As I'm looking for rare variants, I'd like to annotate the VCF files and filter for MAF < .01. When I use ANNOVAR, more than half of my variants don't get annotated with population frequencies, depending on the database I use. For example, out of 70 high confidence denovo variants, only 19 are annotated when using the Population Max database, and 38 by Kaviar.
How should I treat the variants that didn't get annotated? Are they likely just errors during sequencing? Or are they rare enough that wouldn't even show up in databases, and then I should investigate them even further?
Thanks in advance,
Gustavo
Yes, I agree with Pierre. They are not necessarily errors in sequencing and you should keep them - they are very interesting.

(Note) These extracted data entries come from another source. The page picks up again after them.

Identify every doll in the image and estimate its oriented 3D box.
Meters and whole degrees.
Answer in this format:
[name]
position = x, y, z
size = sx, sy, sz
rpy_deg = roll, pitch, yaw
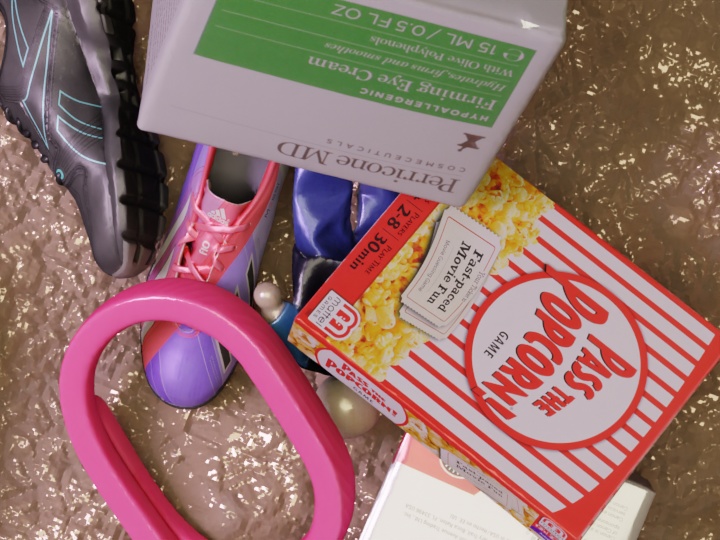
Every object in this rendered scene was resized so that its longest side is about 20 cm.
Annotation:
[doll]
position = 0.000, 0.000, 1.728
size = 0.136, 0.048, 0.200
rpy_deg = -1, 100, -25

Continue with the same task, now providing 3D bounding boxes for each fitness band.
[fitness band]
position = -0.089, 0.098, 1.718
size = 0.144, 0.037, 0.200
rpy_deg = -27, 102, 27

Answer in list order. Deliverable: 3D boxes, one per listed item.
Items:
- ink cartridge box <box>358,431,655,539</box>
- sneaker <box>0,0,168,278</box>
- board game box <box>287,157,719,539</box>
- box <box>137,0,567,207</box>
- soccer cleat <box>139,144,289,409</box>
[ink cartridge box]
position = 0.065, 0.187, 1.720
size = 0.147, 0.083, 0.200
rpy_deg = 24, 92, 3
[sneaker]
position = -0.164, -0.089, 1.739
size = 0.079, 0.075, 0.200
rpy_deg = -14, 78, 15
[board game box]
position = 0.084, 0.040, 1.668
size = 0.200, 0.046, 0.152
rpy_deg = 38, 71, 6
[box]
position = -0.002, -0.176, 1.617
size = 0.199, 0.171, 0.200
rpy_deg = 13, 56, -12
[soccer cleat]
position = -0.085, -0.016, 1.729
size = 0.068, 0.073, 0.200
rpy_deg = 18, 92, 3

They just may not have been detected in the population studies used by the programs that you have mentioned. They may also be 'private variants', i.e., only found in the individual (and most likely the family lineage) in which they were detected.
Also, don't completely discount variants with MAF > 1%. Variants at all frequencies contribute to our repective phenotypes and have roles, be them major or minor, in disease susceptibility. Take a look at Rare and common variants: twenty arguments.